Tuesday, June 26, 2012

Nipping It in the Bud (or Don't Build It and They Won't Come)

There’s an awful lot of consolidated treatment of product liability cases these days.  So when the plaintiffs in Jones v. Wright Medical Technology, No. 11-14432 (E.D. MI. June 19, 2012), argued that their case should be consolidated (under FRCP 42(a) and a local rule) with another that involved a “similar defect in the identically defective medical device, installed by the same surgeon at the same hospital, within a very short time of each other,” we half-expected the court to go along.

But, lo and behold, it didn’t.  While the plaintiffs focused on a few similarities, the defendant pointed out the important differences:

Two different Plaintiffs, with different lifestyles, different ages, different heights and weights, implanted with two different products, with alleged injuries occurring nearly 1.5 years apart, in different states, treated by different doctors, in different hospitals.  The evidence at trial will be vastly different.

Slip op. at 4-5.  Also, the Jones case had a loss of consortium plaintiff, while the other case did not.  The Court was swayed by these differences:

Here, the allegations are that two different devices, manufactured in different lots, broke in different ways. . . . Proving these claims will not require substantially similar evidence.  It will require different evidence.  (Likewise, proving the loss of consortium claims of Mrs. Jones will require establishing a set of facts wholly distinct from those relevant to the [plaintiff in the other case]).

Slip op. at 6 (quotation marks omitted). 

These evidentiary differences are important in litigations and trials.  They are often the difference between defeat and victory.  As we all know, it matters that the product is different, that the plaintiffs are vastly different, that their injuries and circumstances are different. 

Sure, plaintiffs want to consolidate the cases nonetheless.  It will cut their costs and create an atmosphere that blurs the differences and hides the detail.  For discovery, it usually means more.  For trial, it means that evidence that isn’t admissible against one plaintiff comes in anyway because it’s admissible against the other.  Juries may reach a verdict for one plaintiff based on evidence relevant only to the other.  And juries are more likely to feel something must have been wrong because more than one person is complaining.  And so the risk of undue prejudice to the defendant rises along with the chances of a plaintiff victory.  We’ve posted about these problems before.  

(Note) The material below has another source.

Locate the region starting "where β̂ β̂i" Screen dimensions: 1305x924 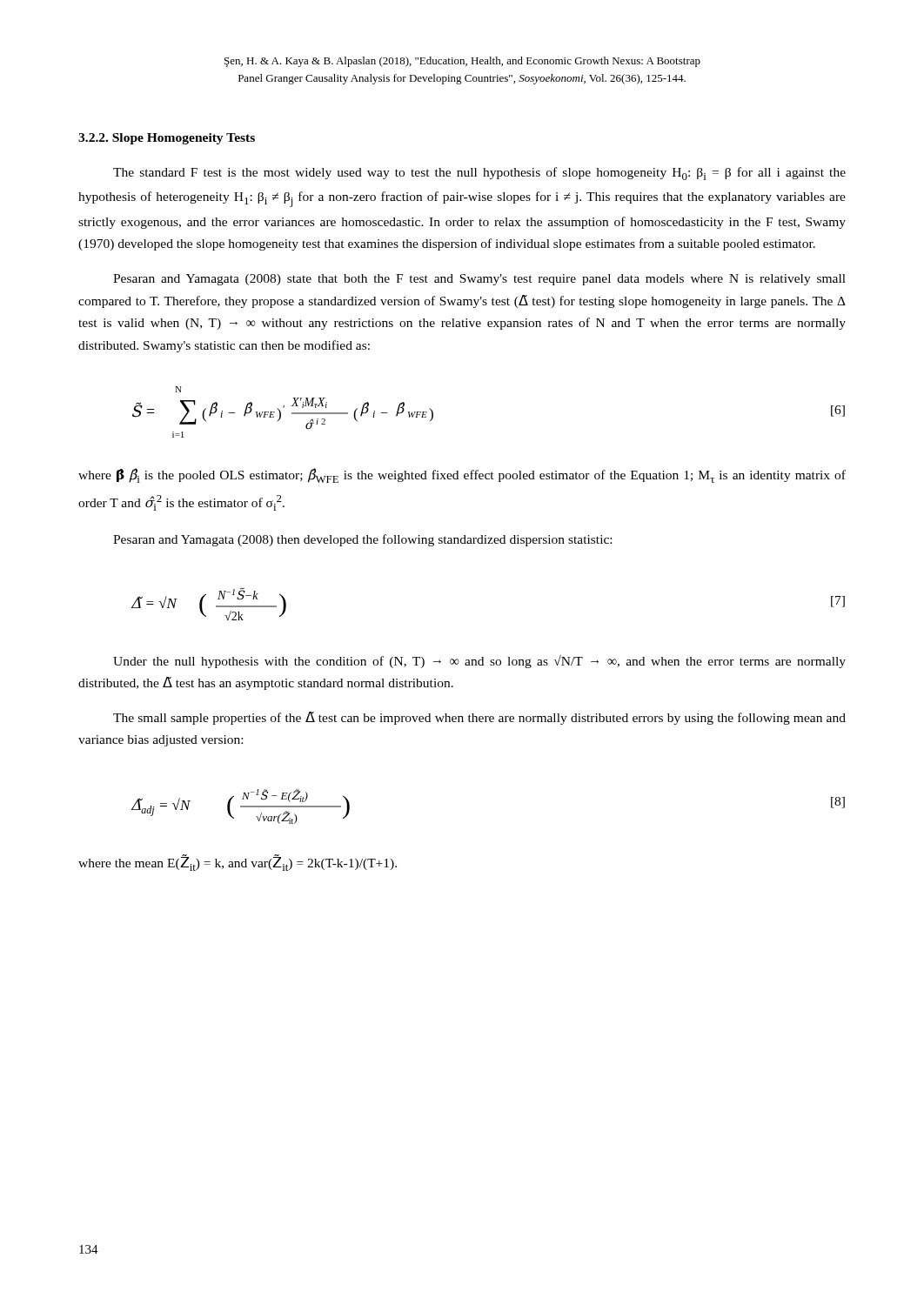[x=462, y=490]
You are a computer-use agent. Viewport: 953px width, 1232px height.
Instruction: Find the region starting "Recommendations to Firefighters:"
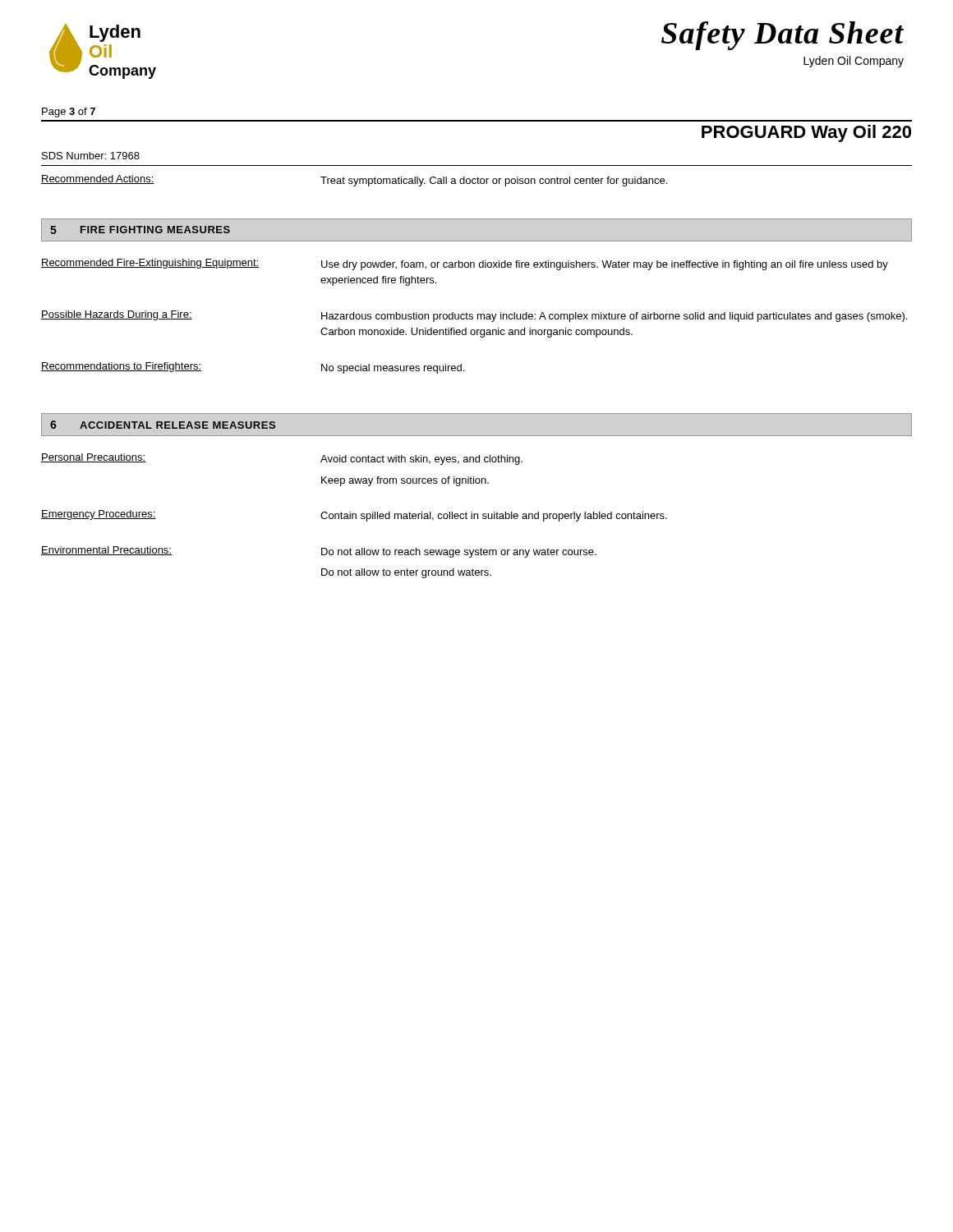[121, 366]

Possibly most important, the very existence of a consolidated proceeding encourages more cases.  People will come, Ray.  People will most definitely come.  And so the point at which there are just a few cases and consolidation is requested can be critical.  It can mean the difference between a few generally unrelated cases and a consolidated docket-full of cases.  If you build it, they will come.  And suddenly something that never really was, and never should have been, is created. 

Or instead, like here, the court spots the differences and nips it in the bud.